Vavi was speaking at the National Union of Metalworkers of SA's (Numsa) political school in Benoni, titled the Mbuyiselo Ngwenda Brigade. Ngwenda was Numsa's former general secretary. Vavi said he was speaking as a friend and neighbour of the late Ngwenda.

 

He said in the first years of democracy, Ngwenda fought against letting national office bearers in the Congress of SA Trade Unions serve on the African National Congress's NEC. He initially disagreed with Ngwenda, but later changed his mind. "[This is] not because I am a counter-revolutionary, or oppositionist, as everyone is saying, but because I felt that you have to at least spare the office of the general secretary or president," he said. 

 

 

"Those two should continue to speak only wearing the face and hat of the mandate they have received from the union." Cosatu president Sidumo Dlamini was voted in as an NEC member at the ANC's last conference in Mangaung. Vavi said not standing for an NEC position was not a new decision for him. "It is about a principle guaranteeing the independence of the trade movement; it is also about eliminating any confusion," he said.

 

 

"My detractors now say that this man, because he does not want to stand, is because he has ambitions to be the leader of his own political party... or maybe [wants to be] in [Mamphela Ramphele's party] Agang... and he is in the Americans' pocket.
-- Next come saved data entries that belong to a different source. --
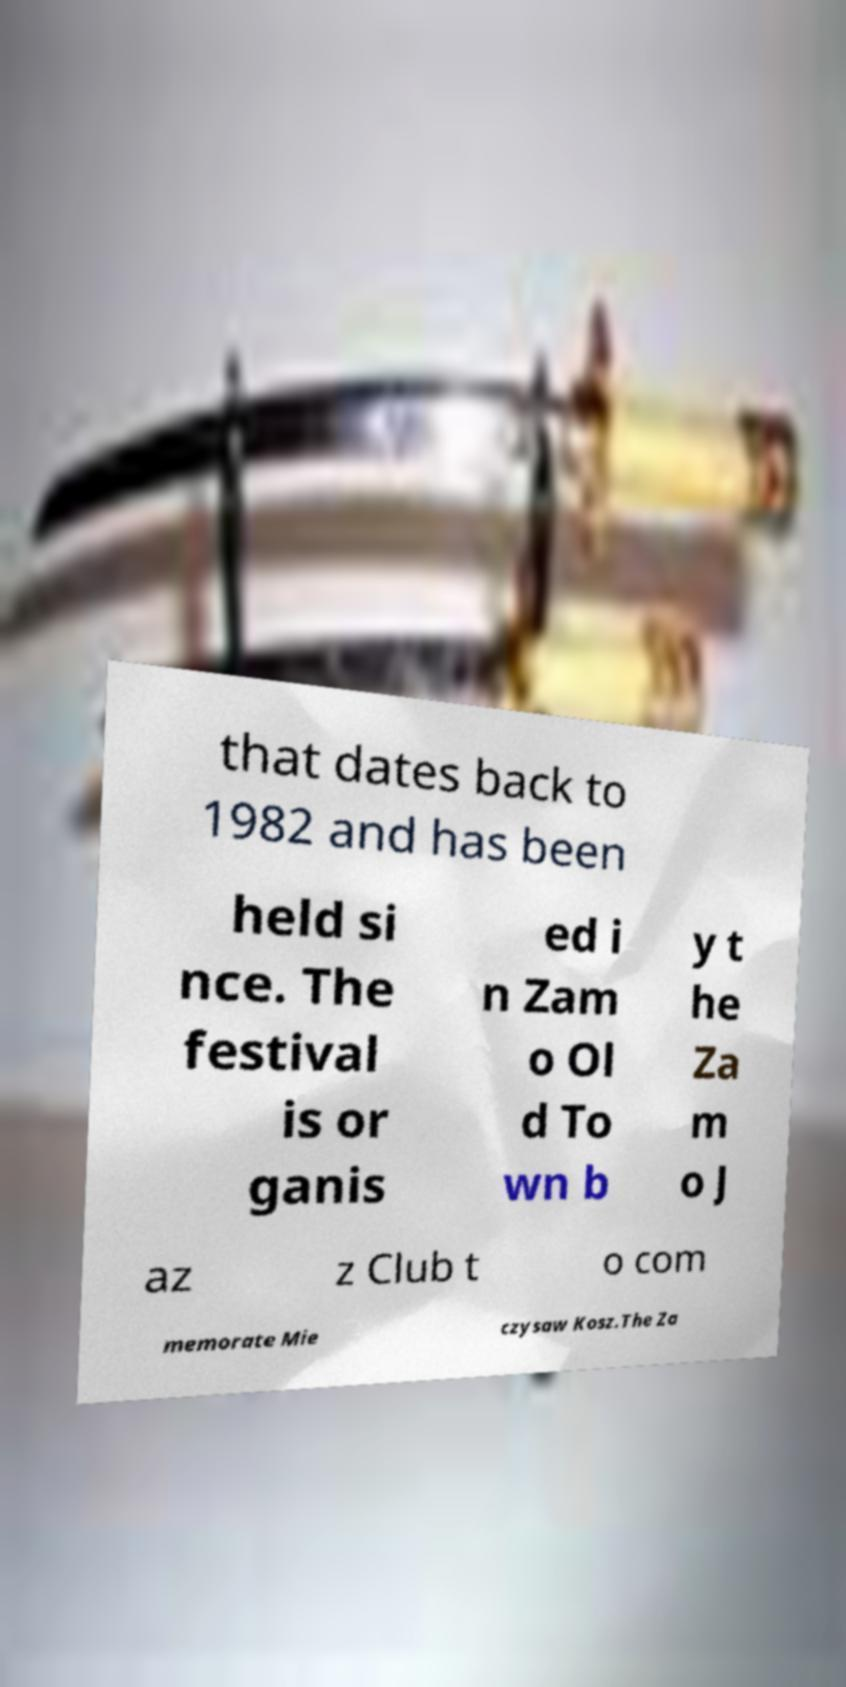Can you accurately transcribe the text from the provided image for me? that dates back to 1982 and has been held si nce. The festival is or ganis ed i n Zam o Ol d To wn b y t he Za m o J az z Club t o com memorate Mie czysaw Kosz.The Za 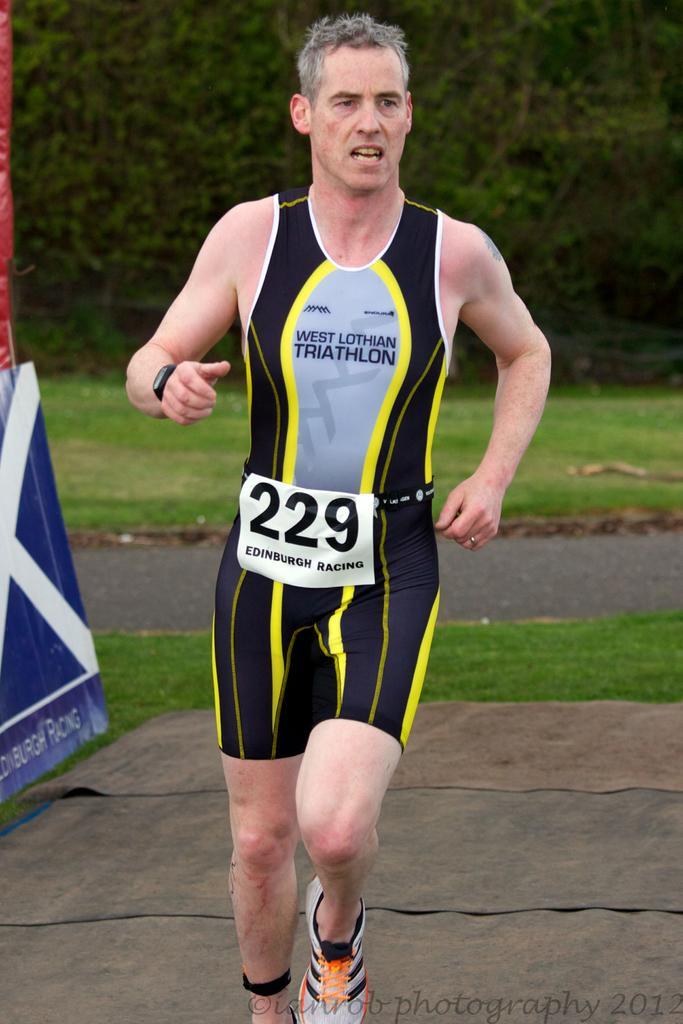How would you summarize this image in a sentence or two? In the middle of the image a man is running. Behind him there is grass and trees. On the left side of the image there is a banner. 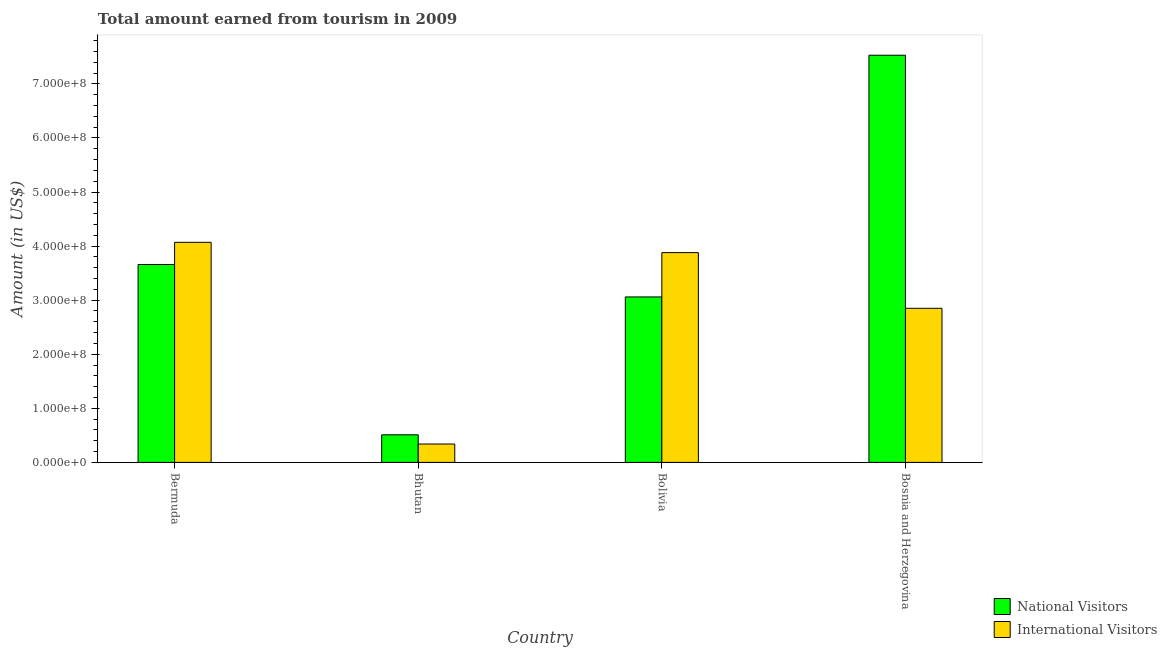How many different coloured bars are there?
Your answer should be very brief. 2. Are the number of bars per tick equal to the number of legend labels?
Make the answer very short. Yes. How many bars are there on the 2nd tick from the right?
Make the answer very short. 2. What is the label of the 1st group of bars from the left?
Offer a very short reply. Bermuda. In how many cases, is the number of bars for a given country not equal to the number of legend labels?
Your answer should be compact. 0. What is the amount earned from national visitors in Bermuda?
Your response must be concise. 3.66e+08. Across all countries, what is the maximum amount earned from national visitors?
Keep it short and to the point. 7.53e+08. Across all countries, what is the minimum amount earned from international visitors?
Provide a short and direct response. 3.40e+07. In which country was the amount earned from national visitors maximum?
Your response must be concise. Bosnia and Herzegovina. In which country was the amount earned from national visitors minimum?
Provide a short and direct response. Bhutan. What is the total amount earned from national visitors in the graph?
Give a very brief answer. 1.48e+09. What is the difference between the amount earned from international visitors in Bermuda and that in Bolivia?
Provide a succinct answer. 1.90e+07. What is the difference between the amount earned from international visitors in Bermuda and the amount earned from national visitors in Bosnia and Herzegovina?
Your response must be concise. -3.46e+08. What is the average amount earned from international visitors per country?
Keep it short and to the point. 2.78e+08. What is the difference between the amount earned from national visitors and amount earned from international visitors in Bolivia?
Offer a very short reply. -8.20e+07. In how many countries, is the amount earned from international visitors greater than 480000000 US$?
Offer a terse response. 0. What is the ratio of the amount earned from international visitors in Bhutan to that in Bolivia?
Give a very brief answer. 0.09. Is the amount earned from national visitors in Bhutan less than that in Bosnia and Herzegovina?
Your answer should be very brief. Yes. What is the difference between the highest and the second highest amount earned from national visitors?
Offer a terse response. 3.87e+08. What is the difference between the highest and the lowest amount earned from national visitors?
Provide a succinct answer. 7.02e+08. In how many countries, is the amount earned from international visitors greater than the average amount earned from international visitors taken over all countries?
Provide a succinct answer. 3. What does the 2nd bar from the left in Bhutan represents?
Your answer should be compact. International Visitors. What does the 1st bar from the right in Bolivia represents?
Make the answer very short. International Visitors. How many countries are there in the graph?
Keep it short and to the point. 4. What is the difference between two consecutive major ticks on the Y-axis?
Your response must be concise. 1.00e+08. Does the graph contain grids?
Provide a succinct answer. No. How many legend labels are there?
Make the answer very short. 2. What is the title of the graph?
Your answer should be very brief. Total amount earned from tourism in 2009. Does "Highest 20% of population" appear as one of the legend labels in the graph?
Give a very brief answer. No. What is the Amount (in US$) of National Visitors in Bermuda?
Provide a short and direct response. 3.66e+08. What is the Amount (in US$) in International Visitors in Bermuda?
Make the answer very short. 4.07e+08. What is the Amount (in US$) in National Visitors in Bhutan?
Make the answer very short. 5.10e+07. What is the Amount (in US$) in International Visitors in Bhutan?
Keep it short and to the point. 3.40e+07. What is the Amount (in US$) in National Visitors in Bolivia?
Give a very brief answer. 3.06e+08. What is the Amount (in US$) in International Visitors in Bolivia?
Make the answer very short. 3.88e+08. What is the Amount (in US$) of National Visitors in Bosnia and Herzegovina?
Keep it short and to the point. 7.53e+08. What is the Amount (in US$) in International Visitors in Bosnia and Herzegovina?
Ensure brevity in your answer.  2.85e+08. Across all countries, what is the maximum Amount (in US$) in National Visitors?
Your response must be concise. 7.53e+08. Across all countries, what is the maximum Amount (in US$) of International Visitors?
Give a very brief answer. 4.07e+08. Across all countries, what is the minimum Amount (in US$) of National Visitors?
Provide a short and direct response. 5.10e+07. Across all countries, what is the minimum Amount (in US$) of International Visitors?
Your answer should be very brief. 3.40e+07. What is the total Amount (in US$) in National Visitors in the graph?
Offer a very short reply. 1.48e+09. What is the total Amount (in US$) of International Visitors in the graph?
Your answer should be compact. 1.11e+09. What is the difference between the Amount (in US$) in National Visitors in Bermuda and that in Bhutan?
Your response must be concise. 3.15e+08. What is the difference between the Amount (in US$) of International Visitors in Bermuda and that in Bhutan?
Provide a succinct answer. 3.73e+08. What is the difference between the Amount (in US$) of National Visitors in Bermuda and that in Bolivia?
Offer a terse response. 6.00e+07. What is the difference between the Amount (in US$) in International Visitors in Bermuda and that in Bolivia?
Your answer should be compact. 1.90e+07. What is the difference between the Amount (in US$) of National Visitors in Bermuda and that in Bosnia and Herzegovina?
Ensure brevity in your answer.  -3.87e+08. What is the difference between the Amount (in US$) of International Visitors in Bermuda and that in Bosnia and Herzegovina?
Your response must be concise. 1.22e+08. What is the difference between the Amount (in US$) in National Visitors in Bhutan and that in Bolivia?
Offer a terse response. -2.55e+08. What is the difference between the Amount (in US$) of International Visitors in Bhutan and that in Bolivia?
Offer a terse response. -3.54e+08. What is the difference between the Amount (in US$) of National Visitors in Bhutan and that in Bosnia and Herzegovina?
Ensure brevity in your answer.  -7.02e+08. What is the difference between the Amount (in US$) in International Visitors in Bhutan and that in Bosnia and Herzegovina?
Your answer should be very brief. -2.51e+08. What is the difference between the Amount (in US$) in National Visitors in Bolivia and that in Bosnia and Herzegovina?
Your answer should be compact. -4.47e+08. What is the difference between the Amount (in US$) in International Visitors in Bolivia and that in Bosnia and Herzegovina?
Offer a terse response. 1.03e+08. What is the difference between the Amount (in US$) in National Visitors in Bermuda and the Amount (in US$) in International Visitors in Bhutan?
Give a very brief answer. 3.32e+08. What is the difference between the Amount (in US$) in National Visitors in Bermuda and the Amount (in US$) in International Visitors in Bolivia?
Offer a terse response. -2.20e+07. What is the difference between the Amount (in US$) of National Visitors in Bermuda and the Amount (in US$) of International Visitors in Bosnia and Herzegovina?
Offer a very short reply. 8.10e+07. What is the difference between the Amount (in US$) in National Visitors in Bhutan and the Amount (in US$) in International Visitors in Bolivia?
Your answer should be compact. -3.37e+08. What is the difference between the Amount (in US$) in National Visitors in Bhutan and the Amount (in US$) in International Visitors in Bosnia and Herzegovina?
Make the answer very short. -2.34e+08. What is the difference between the Amount (in US$) in National Visitors in Bolivia and the Amount (in US$) in International Visitors in Bosnia and Herzegovina?
Offer a terse response. 2.10e+07. What is the average Amount (in US$) of National Visitors per country?
Provide a short and direct response. 3.69e+08. What is the average Amount (in US$) in International Visitors per country?
Your answer should be compact. 2.78e+08. What is the difference between the Amount (in US$) of National Visitors and Amount (in US$) of International Visitors in Bermuda?
Your answer should be very brief. -4.10e+07. What is the difference between the Amount (in US$) in National Visitors and Amount (in US$) in International Visitors in Bhutan?
Offer a terse response. 1.70e+07. What is the difference between the Amount (in US$) in National Visitors and Amount (in US$) in International Visitors in Bolivia?
Your response must be concise. -8.20e+07. What is the difference between the Amount (in US$) of National Visitors and Amount (in US$) of International Visitors in Bosnia and Herzegovina?
Keep it short and to the point. 4.68e+08. What is the ratio of the Amount (in US$) in National Visitors in Bermuda to that in Bhutan?
Provide a short and direct response. 7.18. What is the ratio of the Amount (in US$) in International Visitors in Bermuda to that in Bhutan?
Provide a short and direct response. 11.97. What is the ratio of the Amount (in US$) in National Visitors in Bermuda to that in Bolivia?
Ensure brevity in your answer.  1.2. What is the ratio of the Amount (in US$) in International Visitors in Bermuda to that in Bolivia?
Your response must be concise. 1.05. What is the ratio of the Amount (in US$) of National Visitors in Bermuda to that in Bosnia and Herzegovina?
Make the answer very short. 0.49. What is the ratio of the Amount (in US$) in International Visitors in Bermuda to that in Bosnia and Herzegovina?
Ensure brevity in your answer.  1.43. What is the ratio of the Amount (in US$) in National Visitors in Bhutan to that in Bolivia?
Offer a terse response. 0.17. What is the ratio of the Amount (in US$) of International Visitors in Bhutan to that in Bolivia?
Ensure brevity in your answer.  0.09. What is the ratio of the Amount (in US$) of National Visitors in Bhutan to that in Bosnia and Herzegovina?
Offer a terse response. 0.07. What is the ratio of the Amount (in US$) of International Visitors in Bhutan to that in Bosnia and Herzegovina?
Your response must be concise. 0.12. What is the ratio of the Amount (in US$) of National Visitors in Bolivia to that in Bosnia and Herzegovina?
Ensure brevity in your answer.  0.41. What is the ratio of the Amount (in US$) of International Visitors in Bolivia to that in Bosnia and Herzegovina?
Your answer should be compact. 1.36. What is the difference between the highest and the second highest Amount (in US$) of National Visitors?
Keep it short and to the point. 3.87e+08. What is the difference between the highest and the second highest Amount (in US$) in International Visitors?
Provide a succinct answer. 1.90e+07. What is the difference between the highest and the lowest Amount (in US$) of National Visitors?
Keep it short and to the point. 7.02e+08. What is the difference between the highest and the lowest Amount (in US$) in International Visitors?
Offer a terse response. 3.73e+08.

That is the politics of today." Vavi said Numsa had returned to the way it was when Ngwenda was general secretary. "[It is] defending the principle of a militant, independent, and fighting federation," he said.

 

 

"This is against attempts to blackmail us to agree to be a conveyer belt whose main responsibility will be to explain to workers why they remain workers after 20 years of democracy... without decent work, [and are] exploited." He said unity in Cosatu was "sacrosanct". "We must fight and die, for the unity of the federation," Vavi said.  "But unity is on the basis of achieving an independent... Cosatu and nothing else."

 

 

He said the tripartite alliance between Cosatu, the SACP, and the ANC was not maintained for "sentimental reasons". "We are maintaining it as a weapon in the hands of the working class to help transform our society so that we realise all the goals of the national democratic revolution." A Cosatu central executive committee meeting is being held this week, at which Vavi's fate in the federation will reportedly be finalised.

 

 

On Friday, Vavi said he was joining Numsa's court bid to have the last central executive meeting, which decided on his suspension, declared "unconstitutional". He also wanted final relief to review and set aside the decision to suspend him and institute disciplinary proceedings. Last month, Cosatu announced that Vavi had been put on special leave pending the outcome of a disciplinary hearing relating to an affair he had with a junior employee. In July, the employee accused him of rape. He said he had a consensual affair with her. The woman subsequently withdrew a sexual harassment complaint against him.